§ PROBLEM TO WORK ON
Write out the data word for word and drop any picture you find.

[SOURCE DATA Boundary: Start]

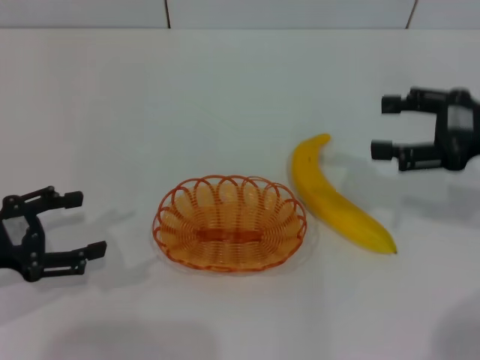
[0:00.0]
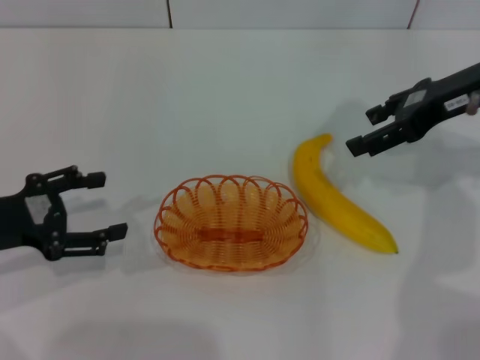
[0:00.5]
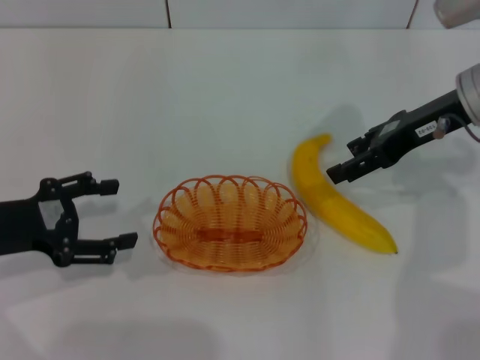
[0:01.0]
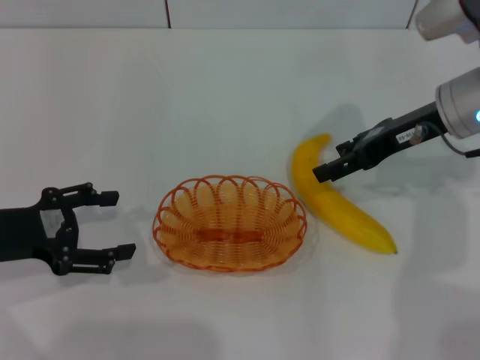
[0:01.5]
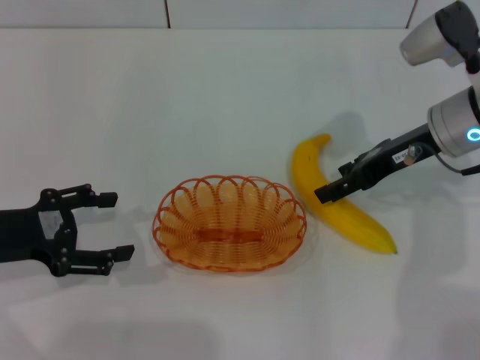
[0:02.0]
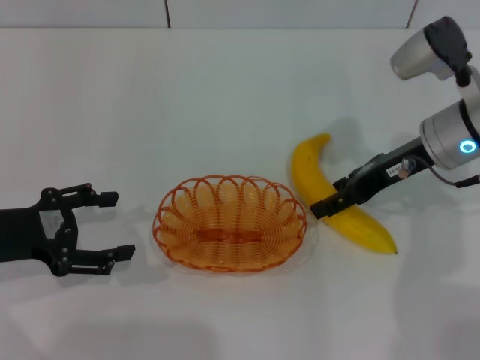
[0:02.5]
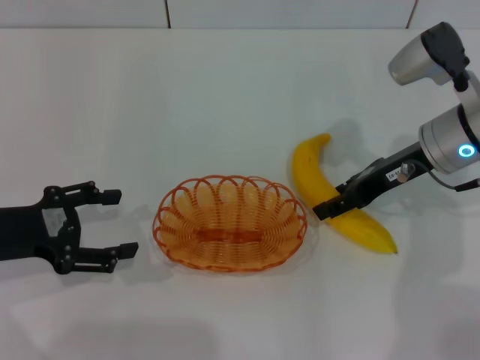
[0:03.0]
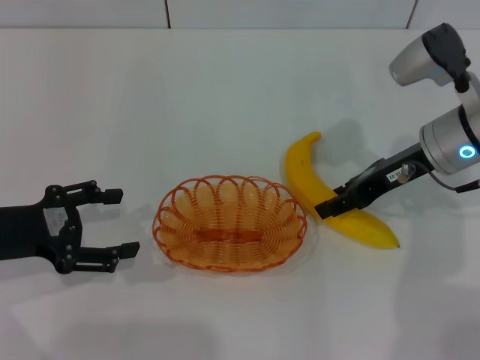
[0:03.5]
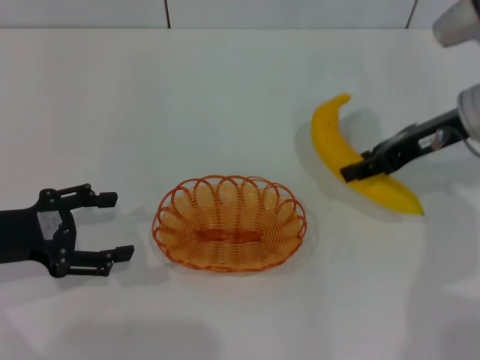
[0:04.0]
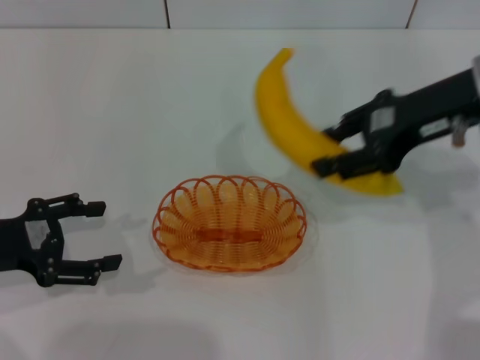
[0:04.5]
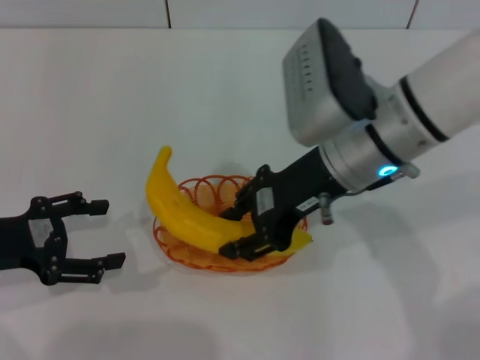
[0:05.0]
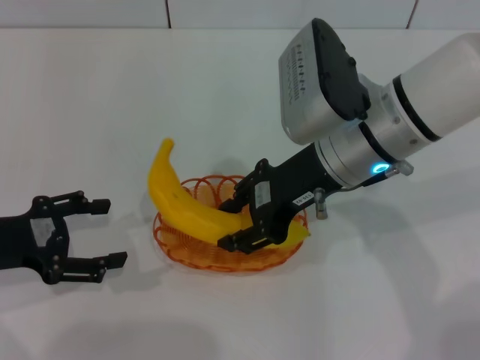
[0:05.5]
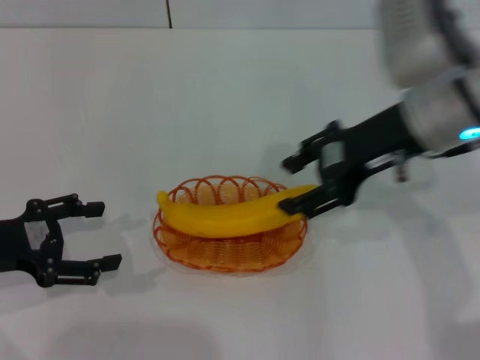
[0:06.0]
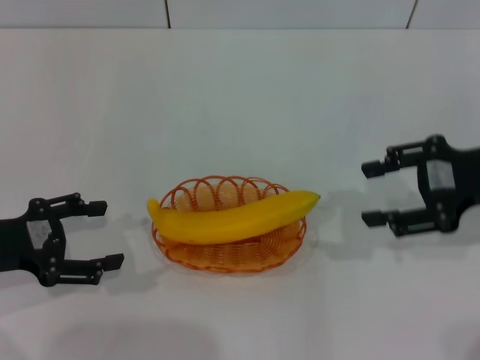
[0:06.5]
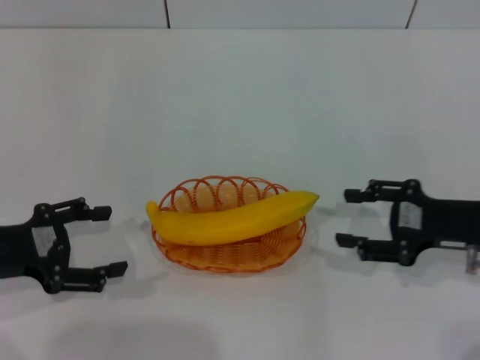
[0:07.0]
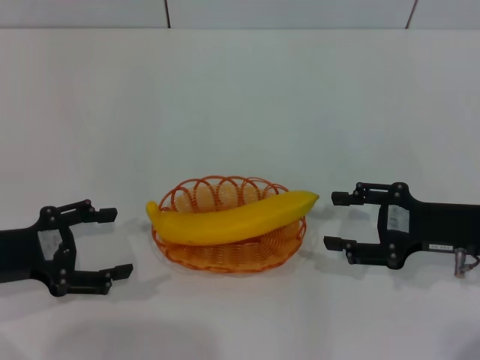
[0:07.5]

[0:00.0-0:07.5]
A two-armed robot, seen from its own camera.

[SOURCE DATA Boundary: End]

§ TASK ANSWER
[0:00.0]
[0:00.5]
[0:01.0]
[0:01.5]
[0:02.0]
[0:02.5]
[0:03.0]
[0:03.5]
[0:04.0]
[0:04.5]
[0:05.0]
[0:05.5]
[0:06.0]
[0:06.5]
[0:07.0]
[0:07.5]

[0:00.0-0:07.5]
A two-armed robot, seen from its own camera.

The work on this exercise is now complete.